# 1998 mtd yardman help... A good blower?



## Snowbelt_subie (Dec 20, 2016)

I dont know much about these blowers but this looks like a great deal is this before MTD started cheapening up everything? 10 hp looks sturdy.

Model # 31AE6B3H401

https://akroncanton.craigslist.org/for/5969164907.html


----------



## sscotsman (Dec 8, 2010)

Pass..
even at $45, I wouldn't buy it.
Some things just arent worth it any price, even a cheap price, because you can do a LOT better.

Unless you are in the business of fixing them up and flipping them..in that case, sure, you could probably buy it for $45, fix things, if they are minor, then sell it for $100.
but if you want it for your own use, don't bother..
dont consider any 1990's or newer MTD for your own use.

Scot


----------



## Snowbelt_subie (Dec 20, 2016)

sscotsman said:


> Pass..
> even at $45, I wouldn't buy it.
> Some things just arent worth it any price, even a cheap price, because you can do a LOT better.
> 
> ...


Idk most working 2 stages in our area go for a minimum $150 let alone one with a 10HP tecumseh that isnt rusted out.


----------



## sscotsman (Dec 8, 2010)

well..if you need a snowblower immediately, and you can only afford $45..then sure, its better than nothing. (maybe, although it could be worse than nothing.)
But if your choices are:

a: This $45 MTD.
or.
b: a used 1960's, 70's or 80's Toro or Ariens for $100 to $250 that I might be able to find later.

go for "b"!  always..

We don't really know why you are considering this machine..
that is an important factor.

scot


----------



## Dauntae (Nov 10, 2016)

For $45 if the engine is good jump on it even if the blower is a mess, well if you plan to flip it anyway, but you could sell the engine alone for much more, have a blower and a wood chipper with that same engine and if they blow I'd look for a replacement engine, I'm not crazy about all these Chinese engines to replace the old Tec engines.

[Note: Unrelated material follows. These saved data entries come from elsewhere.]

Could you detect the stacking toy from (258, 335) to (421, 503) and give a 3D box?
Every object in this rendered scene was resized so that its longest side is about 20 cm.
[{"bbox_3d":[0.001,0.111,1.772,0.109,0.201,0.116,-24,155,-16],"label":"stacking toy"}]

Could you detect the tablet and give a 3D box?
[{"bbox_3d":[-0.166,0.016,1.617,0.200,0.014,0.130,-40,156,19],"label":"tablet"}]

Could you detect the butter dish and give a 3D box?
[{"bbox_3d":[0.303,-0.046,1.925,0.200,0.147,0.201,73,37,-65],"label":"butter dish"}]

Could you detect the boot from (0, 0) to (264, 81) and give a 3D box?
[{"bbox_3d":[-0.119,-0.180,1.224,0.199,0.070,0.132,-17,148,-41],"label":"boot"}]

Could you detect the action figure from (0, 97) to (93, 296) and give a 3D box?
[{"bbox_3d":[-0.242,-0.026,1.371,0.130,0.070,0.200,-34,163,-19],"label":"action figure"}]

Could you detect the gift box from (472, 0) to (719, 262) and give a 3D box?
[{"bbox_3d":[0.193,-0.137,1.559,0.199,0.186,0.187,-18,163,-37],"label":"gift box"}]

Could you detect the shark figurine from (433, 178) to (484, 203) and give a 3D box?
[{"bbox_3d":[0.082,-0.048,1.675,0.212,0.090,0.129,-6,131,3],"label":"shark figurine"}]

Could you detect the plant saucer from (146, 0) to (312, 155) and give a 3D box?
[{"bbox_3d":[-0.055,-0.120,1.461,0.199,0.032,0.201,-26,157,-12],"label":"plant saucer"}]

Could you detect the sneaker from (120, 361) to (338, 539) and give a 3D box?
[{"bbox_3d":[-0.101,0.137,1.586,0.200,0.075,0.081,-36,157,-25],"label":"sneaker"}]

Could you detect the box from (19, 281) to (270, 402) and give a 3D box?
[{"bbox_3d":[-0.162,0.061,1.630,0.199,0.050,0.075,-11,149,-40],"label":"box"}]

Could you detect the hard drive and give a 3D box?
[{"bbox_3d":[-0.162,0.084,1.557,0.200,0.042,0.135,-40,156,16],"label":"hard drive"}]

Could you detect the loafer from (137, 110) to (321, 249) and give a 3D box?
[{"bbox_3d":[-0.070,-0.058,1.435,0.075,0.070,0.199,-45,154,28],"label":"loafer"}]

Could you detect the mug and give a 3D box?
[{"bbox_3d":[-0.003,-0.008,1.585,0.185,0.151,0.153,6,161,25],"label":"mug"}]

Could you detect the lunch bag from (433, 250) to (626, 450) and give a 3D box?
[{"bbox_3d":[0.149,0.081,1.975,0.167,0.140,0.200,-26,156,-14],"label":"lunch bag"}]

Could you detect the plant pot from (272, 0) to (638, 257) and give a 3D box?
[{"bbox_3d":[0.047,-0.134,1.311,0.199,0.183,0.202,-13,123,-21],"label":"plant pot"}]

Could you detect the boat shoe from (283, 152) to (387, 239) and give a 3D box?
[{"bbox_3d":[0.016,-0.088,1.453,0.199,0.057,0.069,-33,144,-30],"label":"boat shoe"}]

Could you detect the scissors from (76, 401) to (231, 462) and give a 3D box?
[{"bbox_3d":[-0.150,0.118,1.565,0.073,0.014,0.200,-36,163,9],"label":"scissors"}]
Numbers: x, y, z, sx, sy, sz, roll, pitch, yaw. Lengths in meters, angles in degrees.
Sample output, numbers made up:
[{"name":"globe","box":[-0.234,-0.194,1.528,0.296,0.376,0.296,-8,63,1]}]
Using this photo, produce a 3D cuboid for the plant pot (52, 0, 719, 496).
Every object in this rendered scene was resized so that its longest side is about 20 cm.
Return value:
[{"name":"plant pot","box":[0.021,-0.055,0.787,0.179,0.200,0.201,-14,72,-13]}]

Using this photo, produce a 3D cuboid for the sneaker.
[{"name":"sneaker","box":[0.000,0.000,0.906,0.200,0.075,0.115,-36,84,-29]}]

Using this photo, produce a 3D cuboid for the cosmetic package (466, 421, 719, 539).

If I was close I'd jump on it just to have the engine for backup


----------



## sscotsman (Dec 8, 2010)

Snowbelt_subie said:


> Idk most working 2 stages in our area go for a minimum $150


Sure..*good* used snowblower go for $150 minimum..that's a normal price.
(and on the low end for a quality used machine)

I paid $250 for my 1971 Ariens..best $250 I ever spent.
Nine years later, its still going strong.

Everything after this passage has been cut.